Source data
+-------+

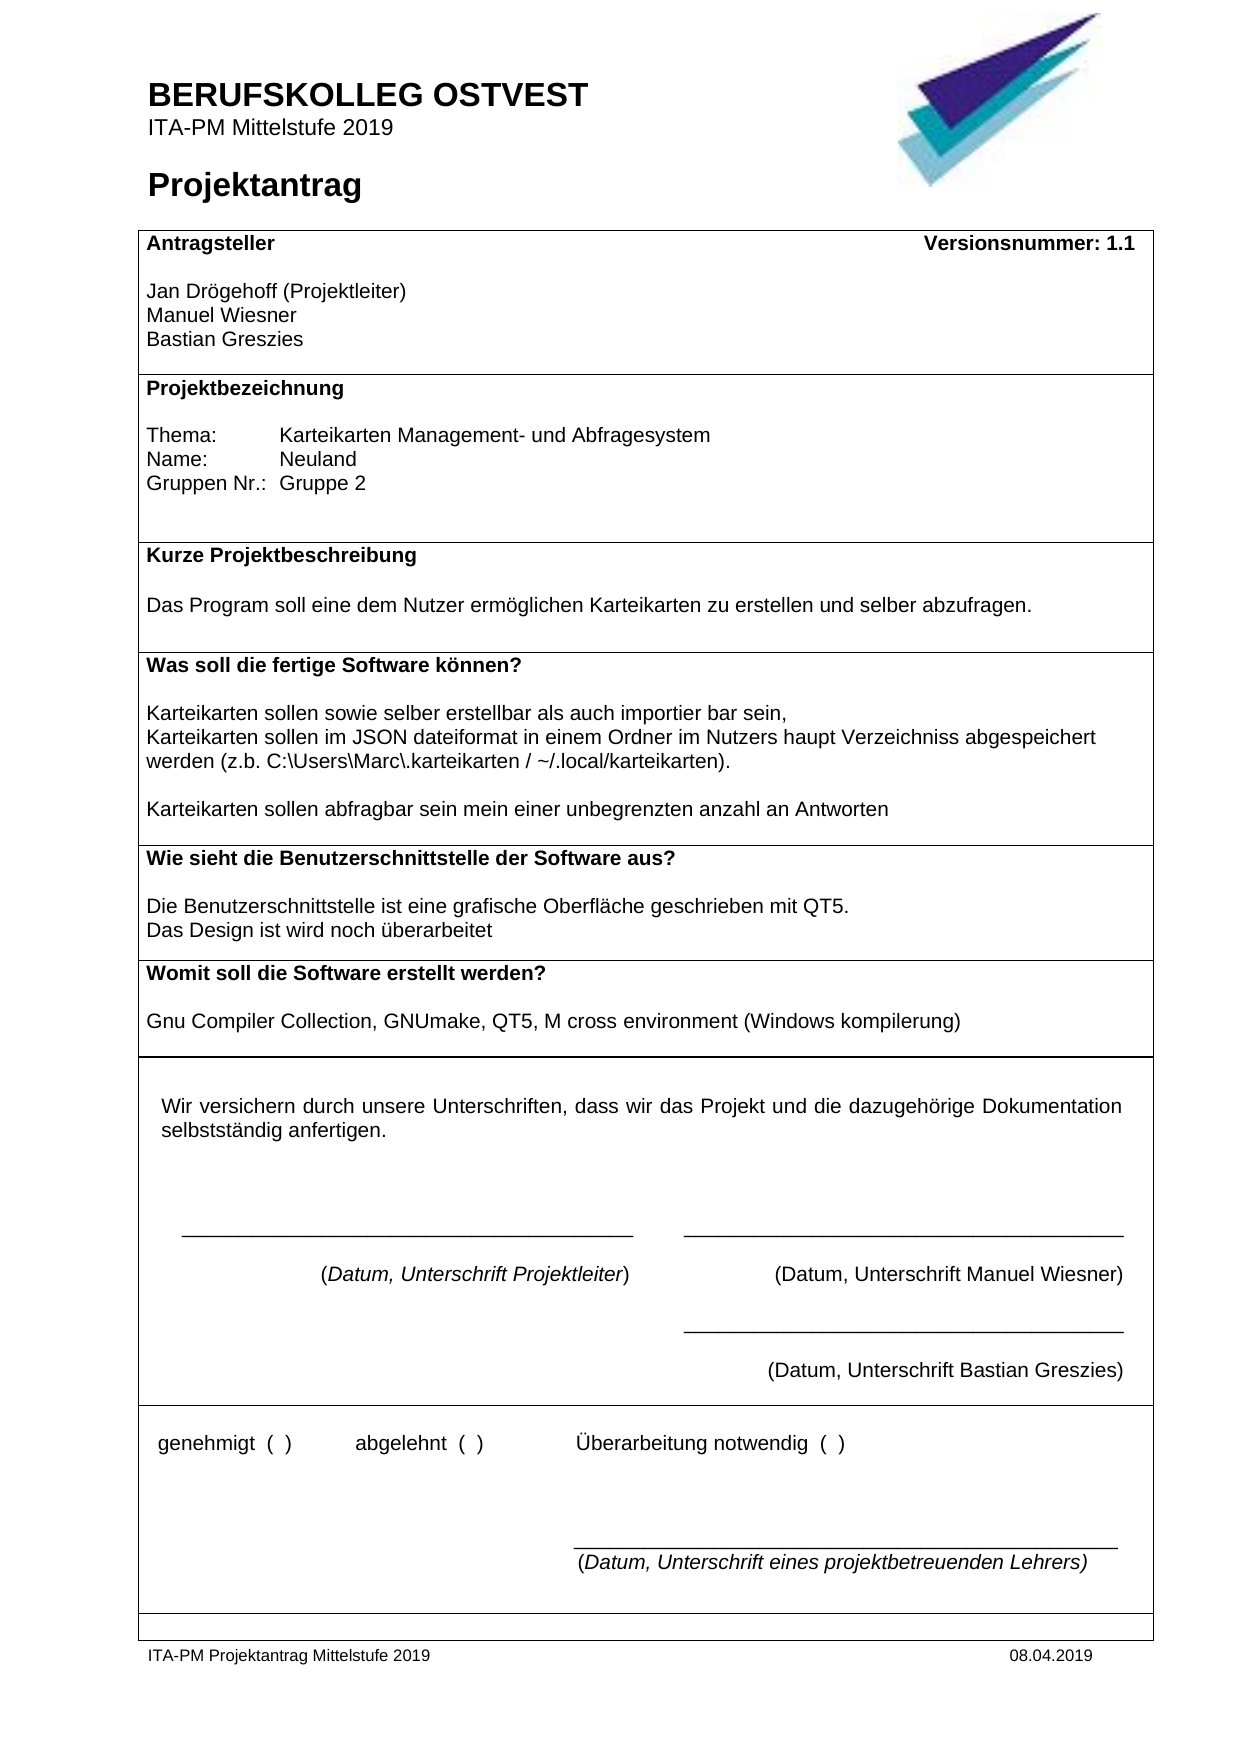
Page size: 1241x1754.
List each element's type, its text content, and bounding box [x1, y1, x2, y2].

table_cell Kurze Projektbeschreibung Das Program soll eine dem Nutzer ermöglichen Karteikarten zu erstellen und selber abzufragen. [139, 543, 1153, 652]
table_cell Projektbezeichnung Thema: Karteikarten Management- und Abfragesystem Name: Neuland Gruppen Nr.: Gruppe 2 [139, 375, 1153, 542]
table_cell Womit soll die Software erstellt werden? Gnu Compiler Collection, GNUmake, QT5, M cross environment (Windows kompilerung) [139, 961, 1153, 1056]
table_cell Wir versichern durch unsere Unterschriften, dass wir das Projekt und die dazugehörige Dokumentation selbstständig anfertigen. _______________________________________ ______________________________________ (Datum, Unterschrift Projektleiter) (Datum, Unterschrift Manuel Wiesner) ______________________________________ (Datum, Unterschrift Bastian Greszies) [139, 1058, 1153, 1405]
picture [898, 13, 1101, 187]
table_cell genehmigt ( ) abgelehnt ( ) Überarbeitung notwendig ( ) _______________________________________________ (Datum, Unterschrift eines projektbetreuenden Lehrers) [139, 1406, 1153, 1613]
table_cell Was soll die fertige Software können? Karteikarten sollen sowie selber erstellbar als auch importier bar sein, Karteikarten sollen im JSON dateiformat in einem Ordner im Nutzers haupt Verzeichniss abgespeichert werden (z.b. C:\Users\Marc\.karteikarten / ~/.local/karteikarten). Karteikarten sollen abfragbar sein mein einer unbegrenzten anzahl an Antworten [139, 653, 1153, 845]
table_header Antragsteller Versionsnummer: 1.1 Jan Drögehoff (Projektleiter) Manuel Wiesner Bastian Greszies [139, 231, 1153, 374]
table_cell [139, 1614, 1153, 1640]
table_cell Wie sieht die Benutzerschnittstelle der Software aus? Die Benutzerschnittstelle ist eine grafische Oberfläche geschrieben mit QT5. Das Design ist wird noch überarbeitet [139, 846, 1153, 959]
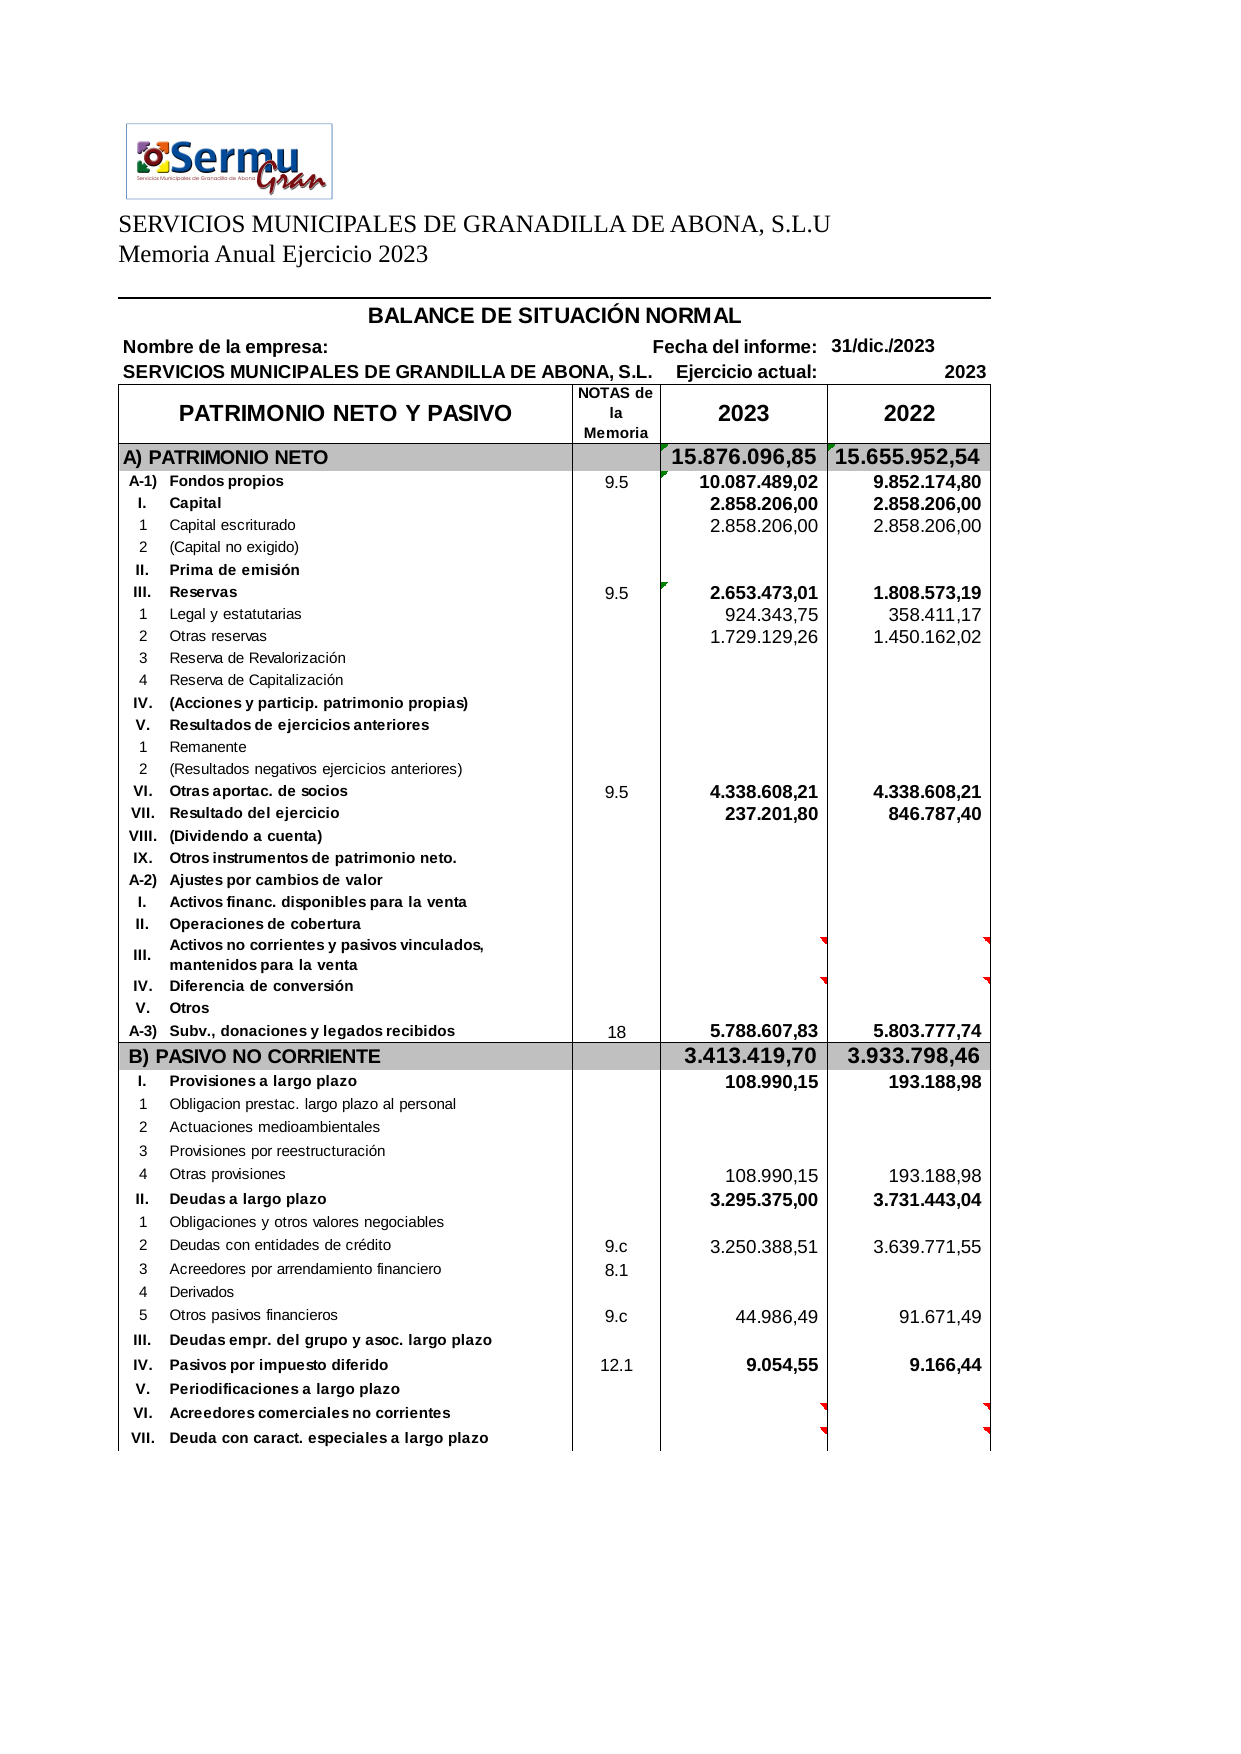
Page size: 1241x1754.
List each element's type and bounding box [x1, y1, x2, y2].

picture [118, 118, 340, 206]

+-------+

> _Try it_
Your task is to return the lines above, from the first one up to and including the line containing "table_cell [139, 1614, 1153, 1640]", minus any pictures.

> _Exercise output_
Page size: 1241x1754.
List each element's type, its text content, and bounding box [x1, y1, x2, y2].

table_cell Kurze Projektbeschreibung Das Program soll eine dem Nutzer ermöglichen Karteikarten zu erstellen und selber abzufragen. [139, 543, 1153, 652]
table_cell Projektbezeichnung Thema: Karteikarten Management- und Abfragesystem Name: Neuland Gruppen Nr.: Gruppe 2 [139, 375, 1153, 542]
table_cell Womit soll die Software erstellt werden? Gnu Compiler Collection, GNUmake, QT5, M cross environment (Windows kompilerung) [139, 961, 1153, 1056]
table_cell Wir versichern durch unsere Unterschriften, dass wir das Projekt und die dazugehörige Dokumentation selbstständig anfertigen. _______________________________________ ______________________________________ (Datum, Unterschrift Projektleiter) (Datum, Unterschrift Manuel Wiesner) ______________________________________ (Datum, Unterschrift Bastian Greszies) [139, 1058, 1153, 1405]
picture [898, 13, 1101, 187]
table_cell genehmigt ( ) abgelehnt ( ) Überarbeitung notwendig ( ) _______________________________________________ (Datum, Unterschrift eines projektbetreuenden Lehrers) [139, 1406, 1153, 1613]
table_cell Was soll die fertige Software können? Karteikarten sollen sowie selber erstellbar als auch importier bar sein, Karteikarten sollen im JSON dateiformat in einem Ordner im Nutzers haupt Verzeichniss abgespeichert werden (z.b. C:\Users\Marc\.karteikarten / ~/.local/karteikarten). Karteikarten sollen abfragbar sein mein einer unbegrenzten anzahl an Antworten [139, 653, 1153, 845]
table_header Antragsteller Versionsnummer: 1.1 Jan Drögehoff (Projektleiter) Manuel Wiesner Bastian Greszies [139, 231, 1153, 374]
table_cell [139, 1614, 1153, 1640]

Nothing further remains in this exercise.